Simulated data can be useful to fill in things that are otherwise impossible to capture, but you always want the lions share of data to be from the real world so you don’t end up overfitting to the simulation.
 
Last edited:
Simulated data can be useful to fill in things that are otherwise impossible to capture, but you always want the lions share of data to be from the real world so you don’t end up overfitting to the simulation.
I think we're probably agreed that a mix is good.
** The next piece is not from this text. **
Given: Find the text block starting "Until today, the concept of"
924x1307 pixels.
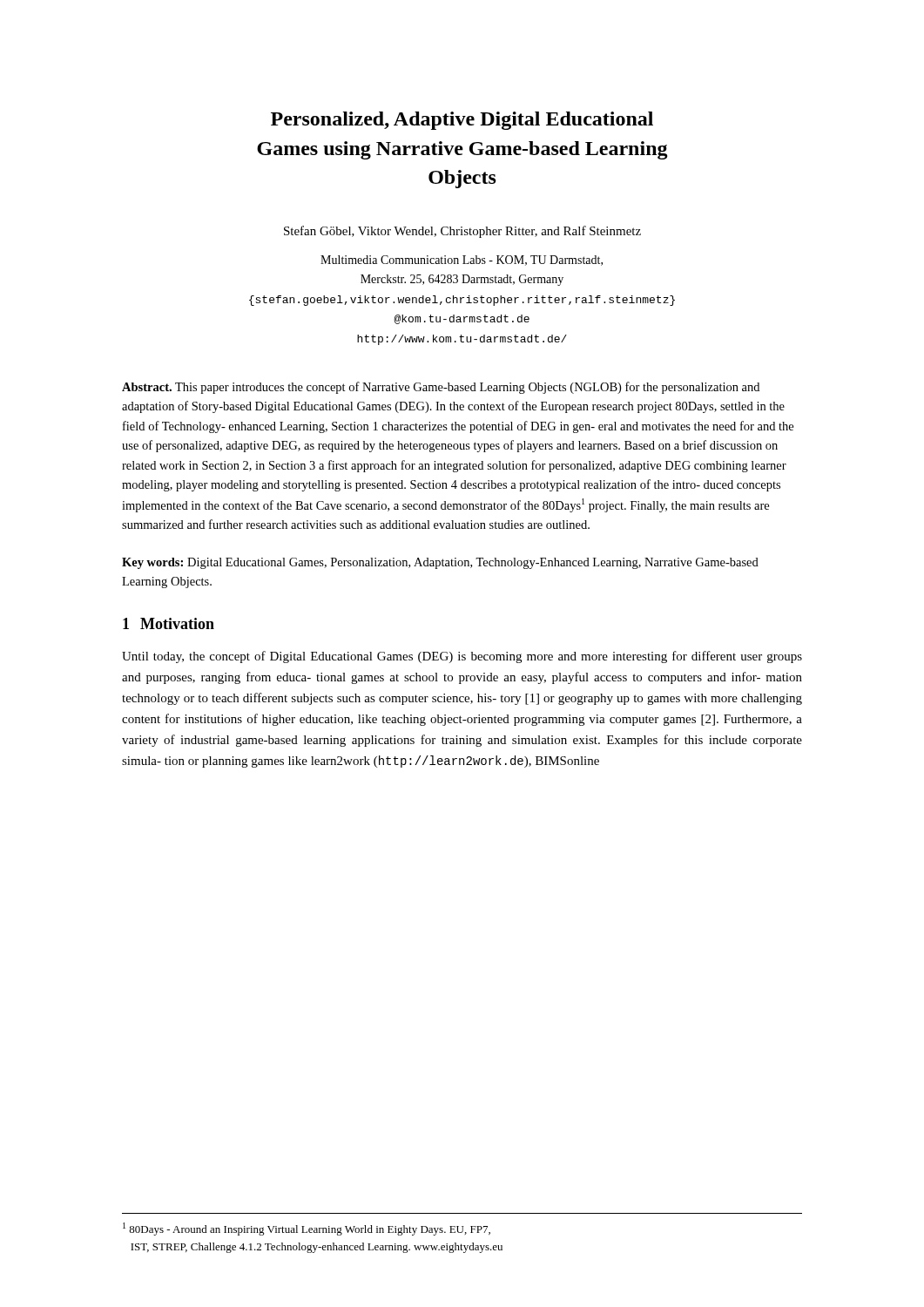Looking at the screenshot, I should click(x=462, y=709).
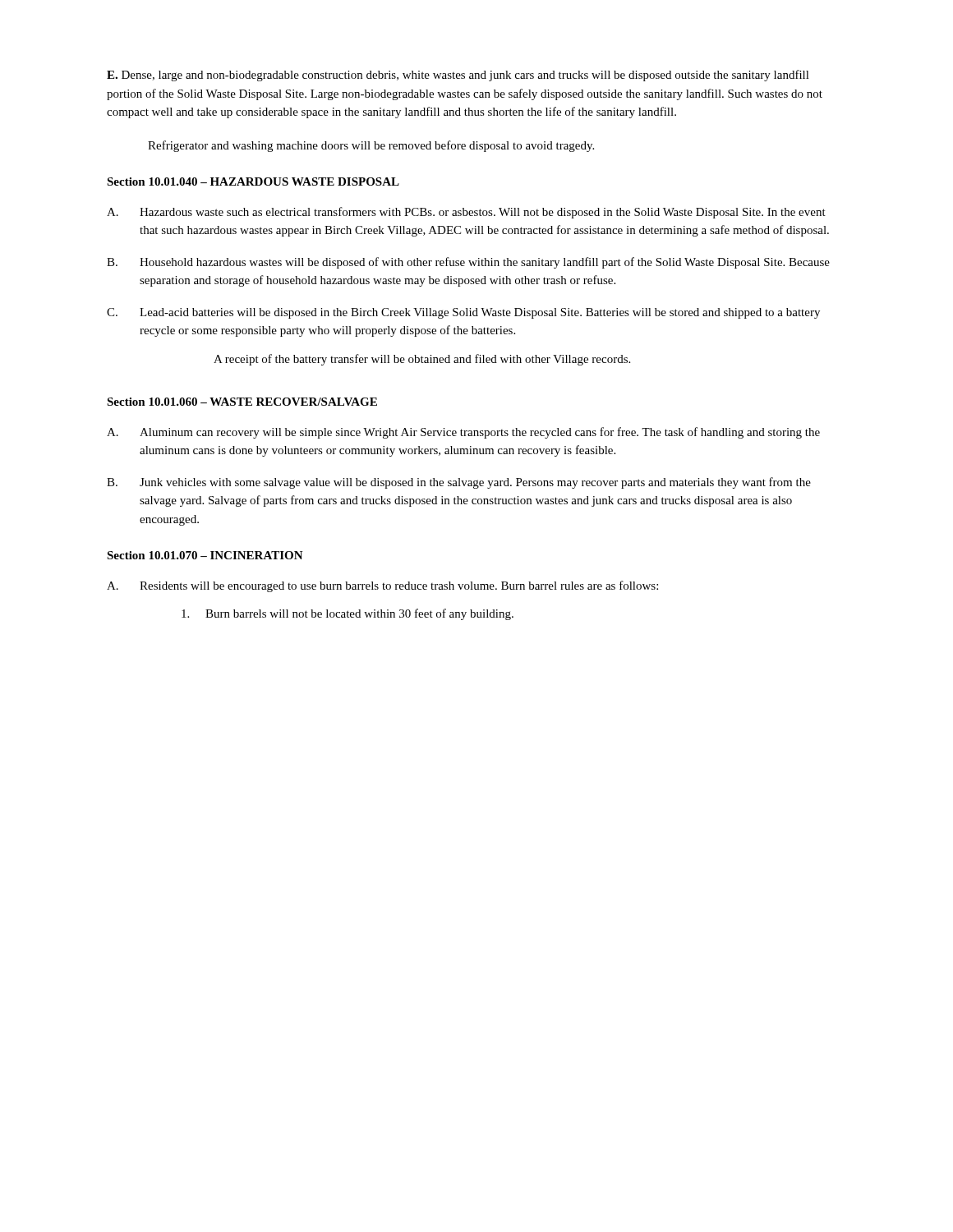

But it seems to me just as true to say "Real data can be useful to fill in things that are otherwise impossible to simulate, but you always want the lions share of data to be from the simulated world so you don’t end up overfitting to what you just happen to observe and collect." What I want is to take an approach and then perturb things with data from outside. I think either way should work.
 
I remember neroden's point about the fact that, contrary to chess or go, driving is not "solved". You not only have a state space that is several orders of magnitude bigger, but also, what's "winning" in driving? You can't simply say that going A to B and being alive is a win.

I don't remember it right now, but there was a law that stated that AI will be very good at abstract, sophisticated jobs, but not good at all at gardening, or replace a waiter. The amount of things that happen and can go wrong in go are much less than in driving. Thus, I'm not sure how far a AlphaZero for cars can be, but I'm sure Karpathy and others at Tesla have thought deeply about that.

Leapfrogging complexity like that is like the Holy Grail, and probably there are hard computational limits playing at the moment.
 
I think we're probably agreed that a mix is good. But it seems to me just as true to say "Real data can be useful to fill in things that are otherwise impossible to simulate, but you always want the lions share of data to be from the simulated world so you don’t end up overfitting to what you just happen to observe and collect." What I want is to take an approach and then perturb things with data from outside. I think either way should work.

The difference would be that in one case you’ll be overfitting to things that actually, really happen, where in the alternate you’re overfitting to things the system will never really see. Both are bad(this is why Karpathy stresses not just using all the data they get, but carefully selecting out data they care about), but the latter is far worse. The former will produce a network able to handle most driving but that falls on its face when presented with edge cases. The latter will produce a network unable to handle much of anything in the real world, always trying to exploit the parameters of the simulated world it knows.

Think of it this way: if you’re learning to walk, would it be better to learn by walking the same 2 blocks in a city over and over again, or by walking across an entire planet where the surface is that of a bouncy house?
 
this is why Karpathy stresses not just using all the data they get, but carefully selecting out data they care about
Yeah. I think Karpathy is busy building AlphaDriving. It will work eventually after lots of driving-specific effort. Then they'll take their learning from that and build an AlphaZero type solution that's far, far better. My point, lest it's entirely lost, is that I don't see that others can't make an AlphaZero type effort from another direction without ever building AlphaDriving. Saying others are doomed because they don't have the data is not at all certain.